To increase the volume a little & I suspect the speaker is a little rattly


----------



## copperhead (May 24, 2006)

Any one know if I can use an 8 ohm speaker cab with this amp ?


----------



## ampsplus (May 7, 2010)

You would need a low,low watt 12" speaker, like a 10 watt speaker, with almost nothing to it. The amp is only 3-5 watts max, and putting a 50 or 75 watt speaker on it will make it sound like a transistor radio. It would handle an 8 ohm speaker.


----------



## copperhead (May 24, 2006)

ampsplus said:


> You would need a low,low watt 12" speaker, like a 10 watt speaker, with almost nothing to it. The amp is only 3-5 watts max, and putting a 50 or 75 watt speaker on it will make it sound like a transistor radio. It would handle an 8 ohm speaker.

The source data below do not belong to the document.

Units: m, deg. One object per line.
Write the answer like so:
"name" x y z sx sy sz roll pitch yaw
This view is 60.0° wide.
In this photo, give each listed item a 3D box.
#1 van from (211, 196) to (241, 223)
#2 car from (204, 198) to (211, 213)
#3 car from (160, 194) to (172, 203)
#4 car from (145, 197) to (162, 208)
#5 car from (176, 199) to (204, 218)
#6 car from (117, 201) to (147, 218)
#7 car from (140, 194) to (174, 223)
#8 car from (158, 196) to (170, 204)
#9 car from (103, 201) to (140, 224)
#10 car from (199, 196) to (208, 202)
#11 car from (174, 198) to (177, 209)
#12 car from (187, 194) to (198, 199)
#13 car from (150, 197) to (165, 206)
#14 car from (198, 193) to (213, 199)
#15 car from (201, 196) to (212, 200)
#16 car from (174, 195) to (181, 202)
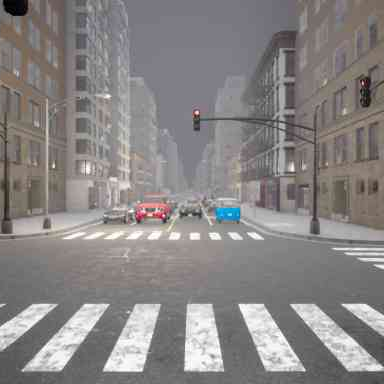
"van" 2.616 1.340 24.891 1.690 1.788 3.998 0 0 0
"car" 2.607 1.580 36.253 1.802 1.307 4.206 0 0 0
"car" -5.445 1.292 70.330 2.192 1.841 5.009 0 0 0
"car" -5.427 1.519 47.434 1.752 1.417 4.829 0 0 0
"car" -0.059 1.599 29.632 1.895 1.301 4.718 0 0 2
"car" -5.413 1.543 30.558 1.887 1.381 4.507 0 0 0
"car" -2.869 1.220 25.557 2.150 2.045 5.566 0 0 0
"car" -5.440 1.548 64.649 1.947 1.339 4.313 0 0 0
"car" -5.409 1.549 24.876 2.008 1.369 4.403 0 0 0
"car" 2.576 1.524 76.023 2.008 1.369 4.403 0 0 0
"car" -2.880 1.599 35.374 1.895 1.301 4.718 0 0 0
"car" 0.047 1.549 60.506 1.994 1.385 4.181 0 0 0
"car" -5.431 1.556 53.286 1.947 1.339 4.313 0 0 0
"car" 2.594 1.305 53.298 2.192 1.841 5.009 0 0 0
"car" 2.599 1.576 47.616 1.802 1.307 4.206 0 0 0
"car" -2.872 1.500 45.434 1.837 1.490 4.892 0 0 0
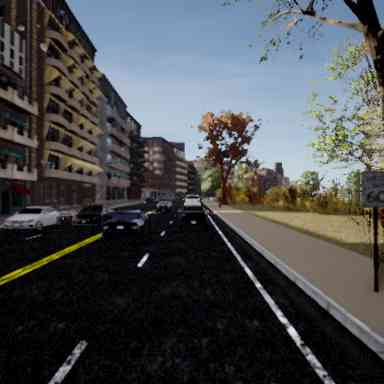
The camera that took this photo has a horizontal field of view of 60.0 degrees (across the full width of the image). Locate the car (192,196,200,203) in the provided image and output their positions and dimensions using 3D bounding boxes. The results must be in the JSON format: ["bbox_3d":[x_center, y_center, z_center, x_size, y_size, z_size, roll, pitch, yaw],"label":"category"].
[{"bbox_3d":[0.984,1.814,83.914,1.801,1.575,5.366,0,0,1],"label":"car"}]

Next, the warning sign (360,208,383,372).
[{"bbox_3d":[2.841,1.131,3.788,1.300,1.860,1.060,-1,-1,0],"label":"warning sign"}]

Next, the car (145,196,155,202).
[{"bbox_3d":[-9.761,1.685,76.987,1.994,1.385,4.181,0,0,0],"label":"car"}]

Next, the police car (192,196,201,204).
[{"bbox_3d":[0.965,1.737,73.890,1.930,1.638,5.238,0,0,0],"label":"police car"}]

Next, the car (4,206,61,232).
[{"bbox_3d":[-9.847,1.610,21.006,1.812,1.442,4.674,0,0,0],"label":"car"}]

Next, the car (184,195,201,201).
[{"bbox_3d":[0.081,1.403,45.183,2.150,2.045,5.566,0,-1,0],"label":"car"}]

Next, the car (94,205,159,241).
[{"bbox_3d":[-3.153,1.616,17.144,2.033,1.411,5.357,0,0,0],"label":"car"}]

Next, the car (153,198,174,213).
[{"bbox_3d":[-3.198,1.763,39.968,1.895,1.301,4.718,0,0,0],"label":"car"}]

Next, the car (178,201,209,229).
[{"bbox_3d":[0.098,1.595,22.487,1.837,1.490,4.892,0,0,0],"label":"car"}]

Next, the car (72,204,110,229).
[{"bbox_3d":[-6.596,1.596,22.674,1.837,1.490,4.892,0,0,0],"label":"car"}]

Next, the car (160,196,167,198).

It does have some usable tones with it maxed out , but it's still what I considers "bedroom" level 
I think I will add a ext speaker jack & try it with a 8 ohm 112 cab ,If that don't work out so well I might try to find a replacement speaker .
thanks .


----------



## copperhead (May 24, 2006)

I've decided to rehouse this amp (build a better cab for it ) & I'm wondering if I should use a larger speaker ?


----------